Repository files navigation

Repository for preliminary analysis of single-cell RNA sequencing data using R

This repository contains the instructions to create the expected directory structure, pull down a Singularity container, and to run a Seurat pipeline that will integrate multiple samples into one dataset.

Purpose: facilitate the generation of uniform preliminary analysis across projects and promote an understanding of the computational steps involved in scRNA-seq analysis.

Order of operations:

To use this repository, you will need to clone the repo to your working space, pull down a Singularity container with required software pre-installed, and provide count matrices as an input.

  1. Get the scripts
  2. Collect count matrices
  3. Collect the container
  4. Test the software container
  5. Load in data and plot QC parameters
  6. Set thresholds and create a metadata file
  7. Modify the provided .sbatch file and submit the job

Set up the directory structure and get scripts

There are several ways to clone the repository (including through GitHub Desktop), but for today we will be using Git command line.

A general note: If working on Alpine, it would be ideal to clone this to a Peta Library allocation, but if that is not available Scratch or Projects directories will also work. If using Scratch please note that data is deleted every 90 days, so you will need to complete regular backups and if using Projects there is limited storage (250 GB), so there may not be sufficient room to complete the analysis.

For the purposes of today we will be working in scratch in a directory called scrna-analysis.

#make directory and navigate there
mkdir -p /scratch/alpine/$USER/scrna-analysis/
cd /scratch/alpine/$USER/scrna-analysis/

#clone the repo
git clone https://github.com/dyammons/scrna-scripts.git

#navigate into the repo
cd scrna-scripts

For ease of creating the required output directories the build_dir.sh file is provided. This short script will generate the necessary output directories and subfolders for each major cell type.
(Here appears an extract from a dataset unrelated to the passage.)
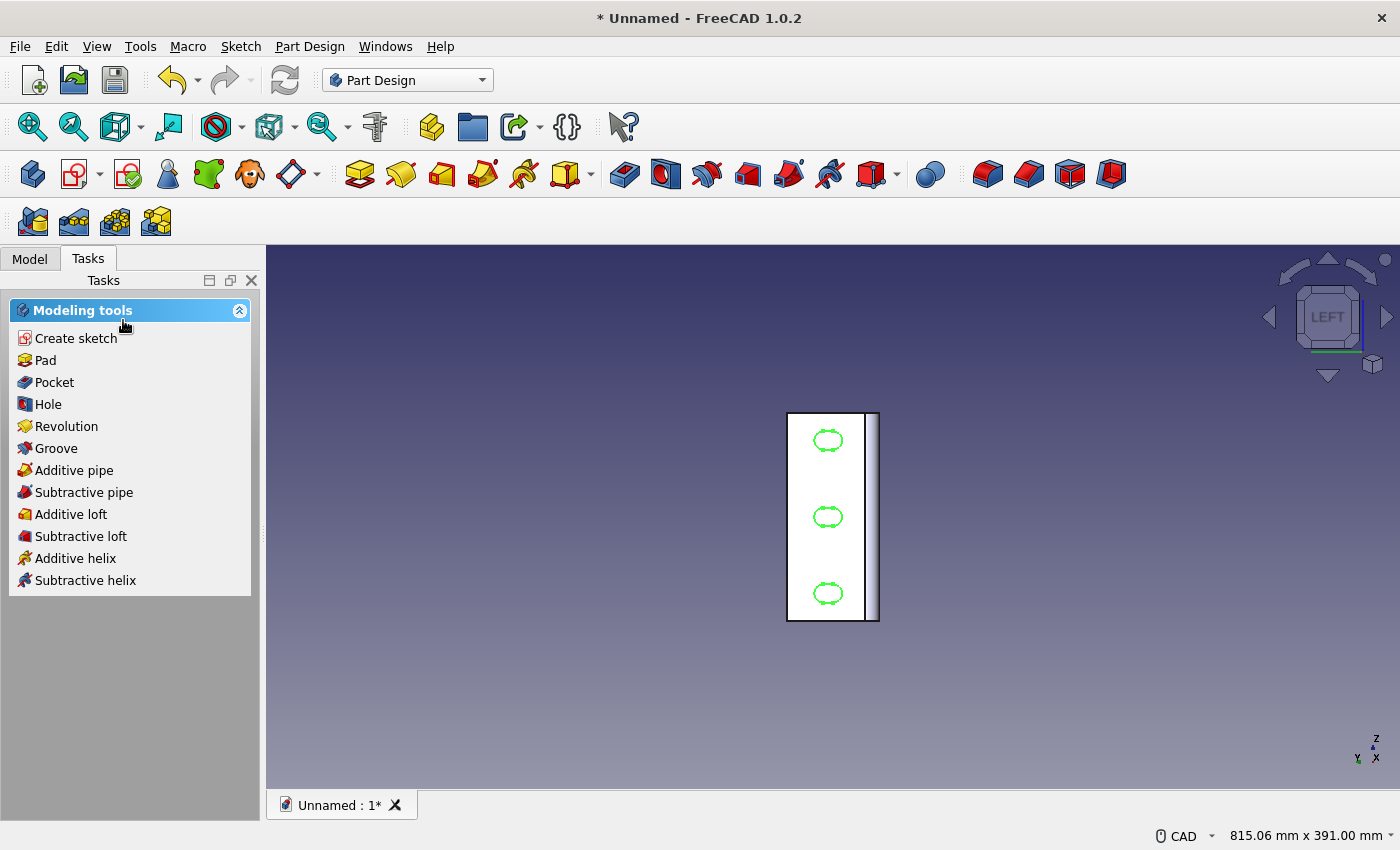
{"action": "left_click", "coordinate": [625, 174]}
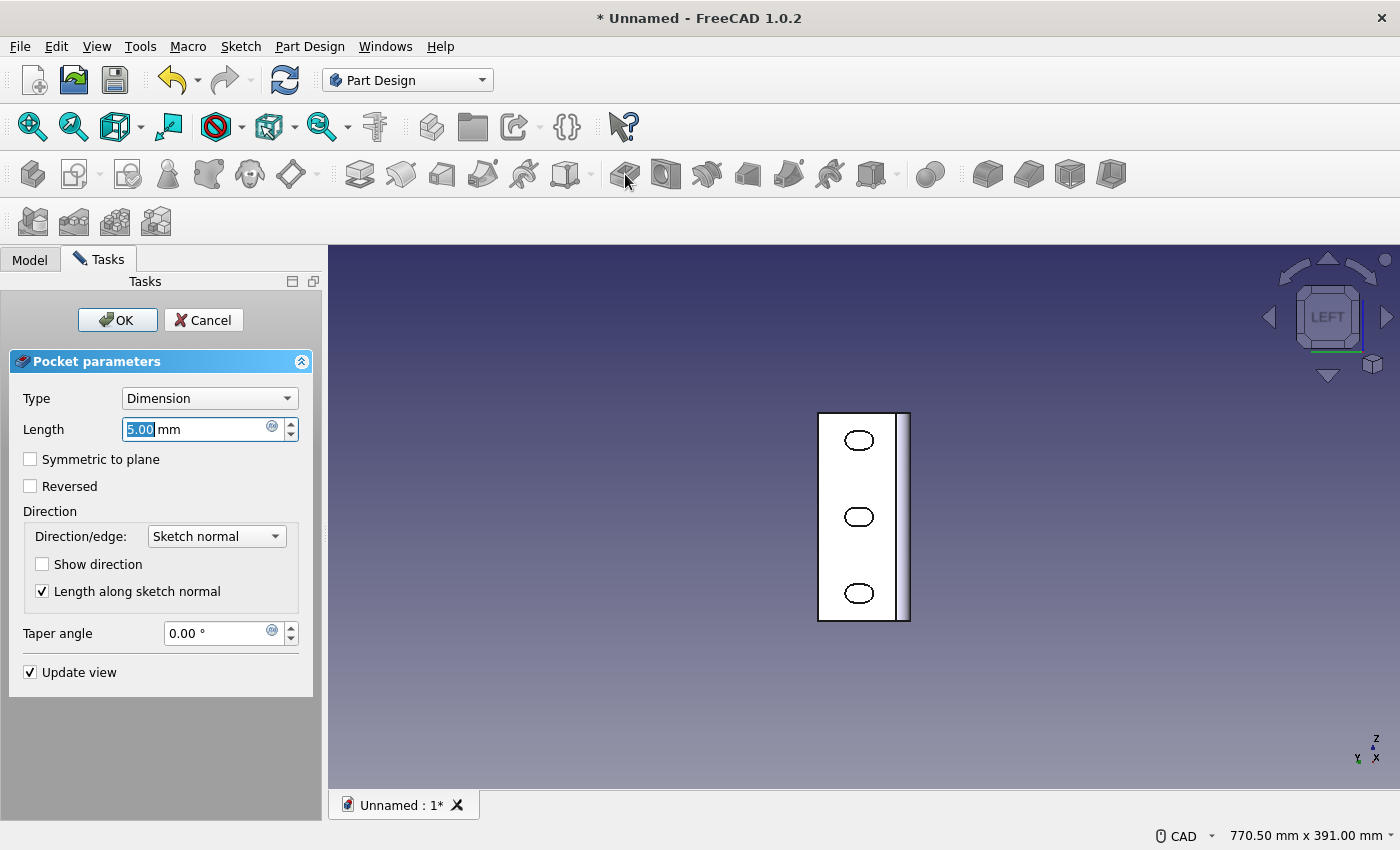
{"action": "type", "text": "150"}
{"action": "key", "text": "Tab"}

For this script you can enter multiple arguments where each argument is the name of cell subtype.
Note: you can always add more later by rerunning this script

#run to create dir structure for "allCells"
bash build_dir.sh allCells 

#example with more cell types
#bash build_dir.sh allCells tcells bcells

Go up a level and you should now see input and output in addition to the original scrna-scripts directory.

cd ..

ls
#input  output  scrna-scripts

The directory structure in output will look something like this:

Show directory tree
output/
├── allCells
│   ├── linDEG
│   └── pseudoBulk
├── cb_input
├── cb_output
├── clustree
├── s1
├── s2
├── s3
├── singleR
└── viln
    └── allCells

Bring count matrices into the input directory

You will now need to copy your single-cell count matrices into the input directory. File structure within input should be such that each sample has its own directory with the corresponding features.tsv.gz, matrix.mtx.gz, and barcodes.tsv.gz (dir tree below).
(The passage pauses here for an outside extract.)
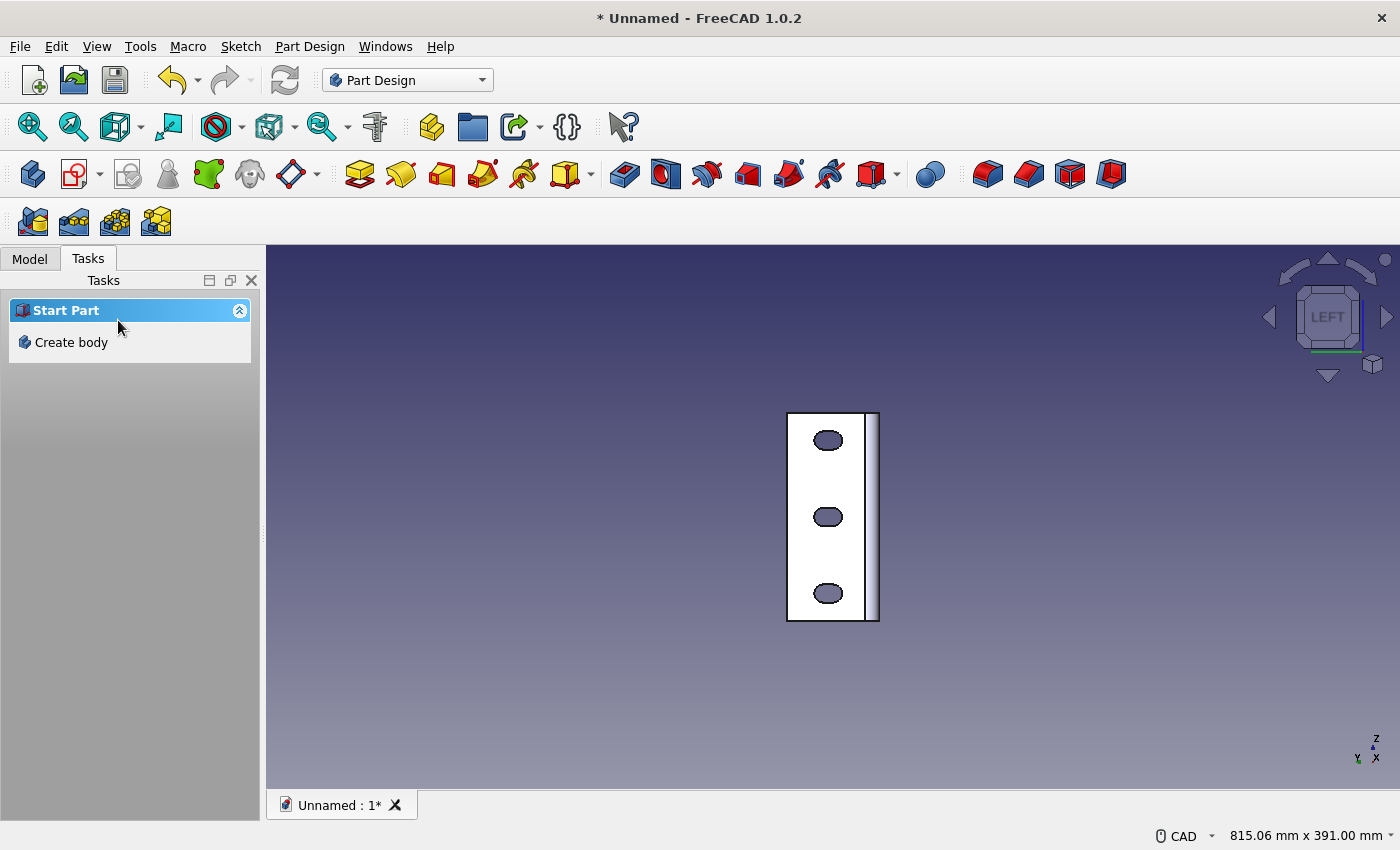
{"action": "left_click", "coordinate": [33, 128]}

Show expected directory structure
input/
├── sample1
│   ├── barcodes.tsv.gz
│   ├── features.tsv.gz
│   └── matrix.mtx.gz
├── sample2
│   ├── barcodes.tsv.gz
│   ├── features.tsv.gz
│   └── matrix.mtx.gz
└── sample3
│   ├── barcodes.tsv.gz
│   ├── features.tsv.gz
│   └── matrix.mtx.gz
└── ...

Click to copy count matrices
#navigate to input
cd input

#copy the files
cp -r /scratch/alpine/dyammons@colostate.edu/dump/input/* .

It is best to avoid moving files manually, so here is the approach I commonly use.

#navigate to input
cd input

Create a string array that contains the sample names.
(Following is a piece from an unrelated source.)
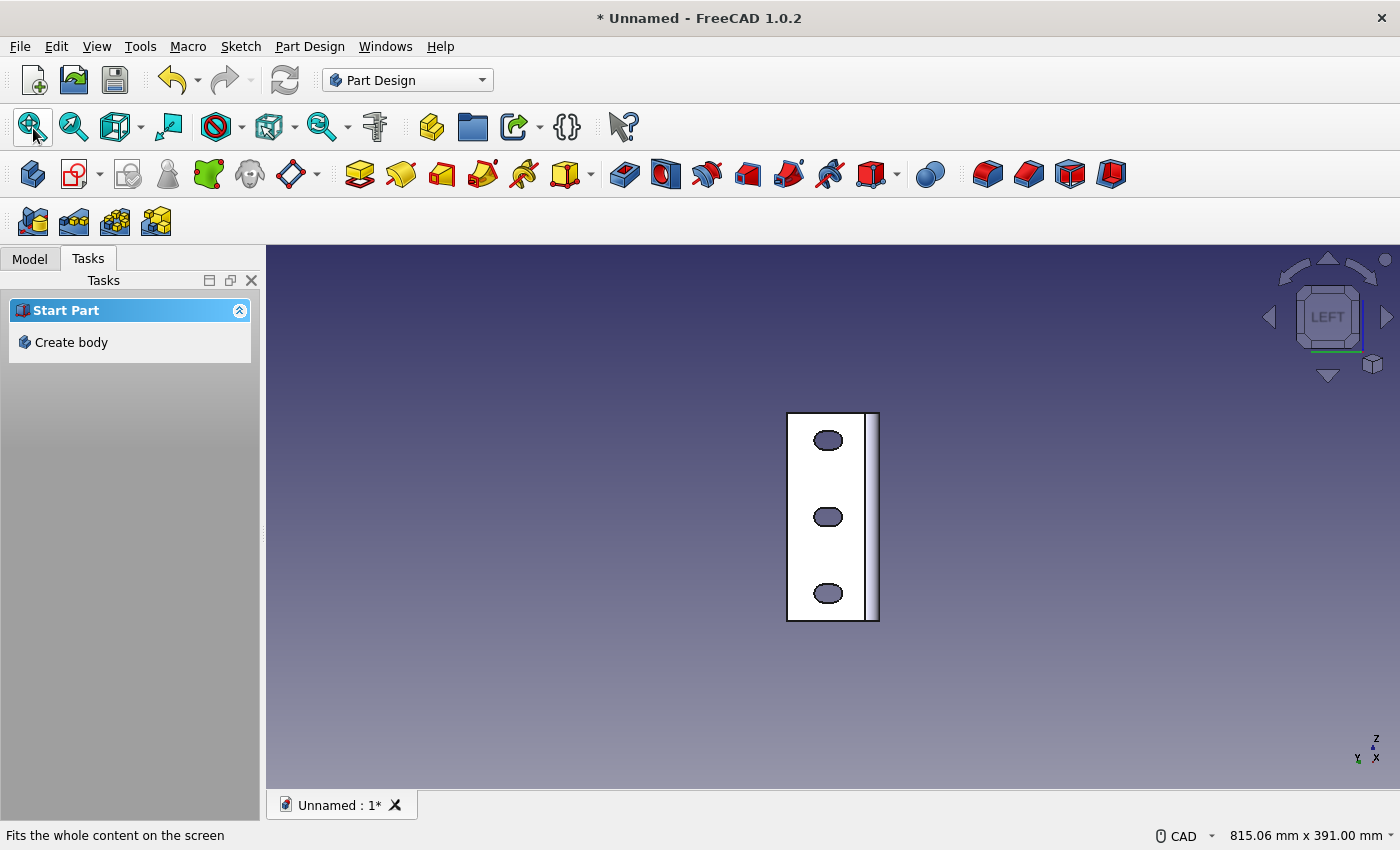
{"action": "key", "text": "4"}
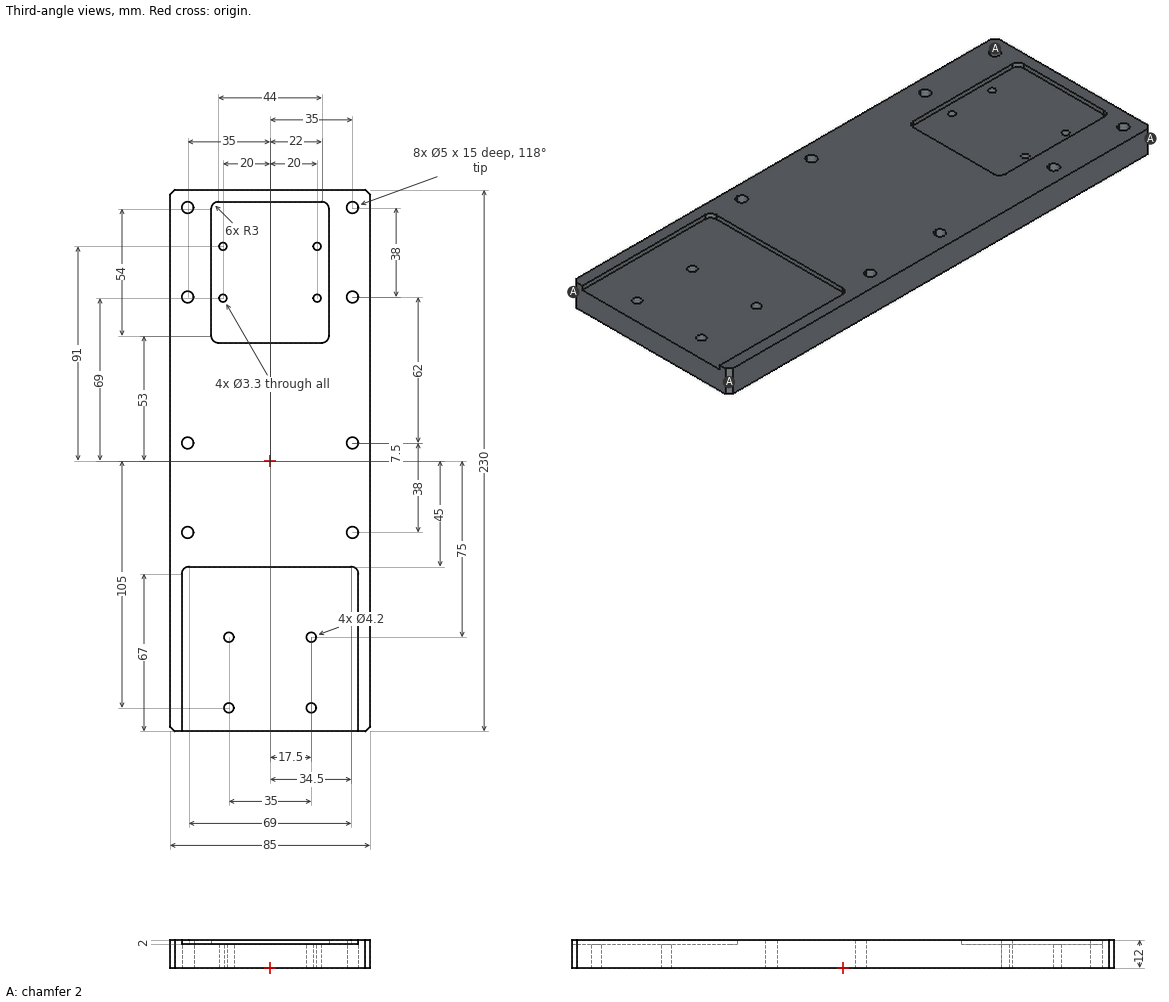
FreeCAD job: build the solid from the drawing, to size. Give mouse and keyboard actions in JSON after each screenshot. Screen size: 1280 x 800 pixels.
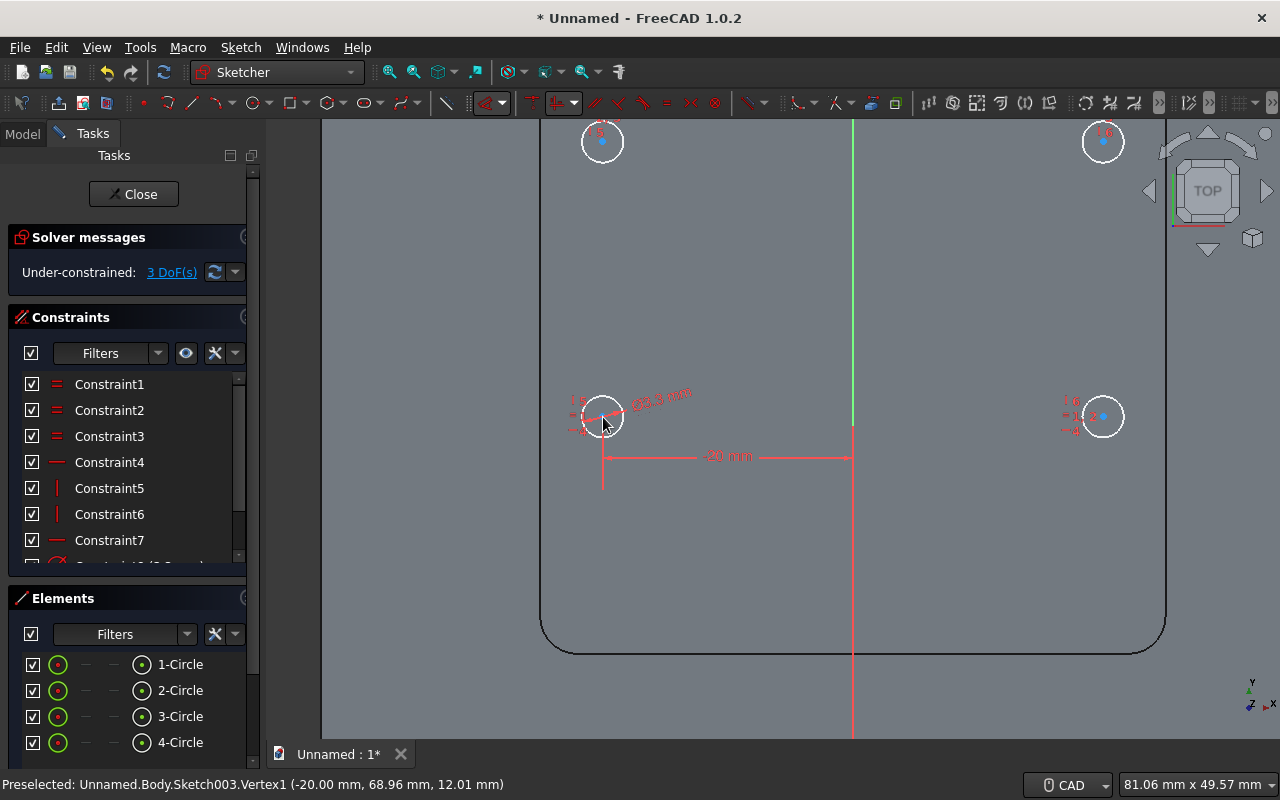
{"action": "left_click", "coordinate": [603, 417]}

#indicate path to directory containing the output files
path=/scratch/alpine/$USER/project_scrna_01/02_scripts

#set string array with names of dirs you want to get data from
dirs=$( ls -l $path | grep "^d" | awk '{print $9}' )
declare -a StringArray=($dirs)

Copy the data over.

#loop through the array to create sample sub-directories then copy the contents of filtered_feature_bc_matrix
for val in "${StringArray[@]}"; do
  folder="./$val/"
  mkdir $folder
  
  filez="$path/$val/outs/filtered_feature_bc_matrix/*"
  cp $filez $folder
done

Code as a script

Create a script file.

nano getData.sh

Copy the contents below then MODIFY paths as needed for your directory structure.

#!/usr/bin/env bash

###MODIFY as needed!
###Usage: bash getData.sh
###Run this in the input directory (or change the paths in the code as needed).


### User input ###

#indicate path to directory containing the output files
path=/scratch/alpine/$USER/project_01/02_scripts

### END User input ###



### CODE ###

#set string array with names of dirs you want to get data from
dirs=$( ls -l $path | grep "^d" | awk '{print $9}' )
declare -a StringArray=($dirs)

#loop through the array to create sample sub-directories then copy the filtered_feature_bc_matrix
for val in "${StringArray[@]}"; do
  folder="./$val/"
  mkdir $folder
  
  filez="$path/$val/outs/filtered_feature_bc_matrix/*"
  cp $filez $folder
done

### END CODE ###

Run the script in input to move the files to the required location.

bash getData.sh

Collect the software container

With the input in place we are nearly ready to get the code running! The next step is to get the Singularity container we will be using to run the script.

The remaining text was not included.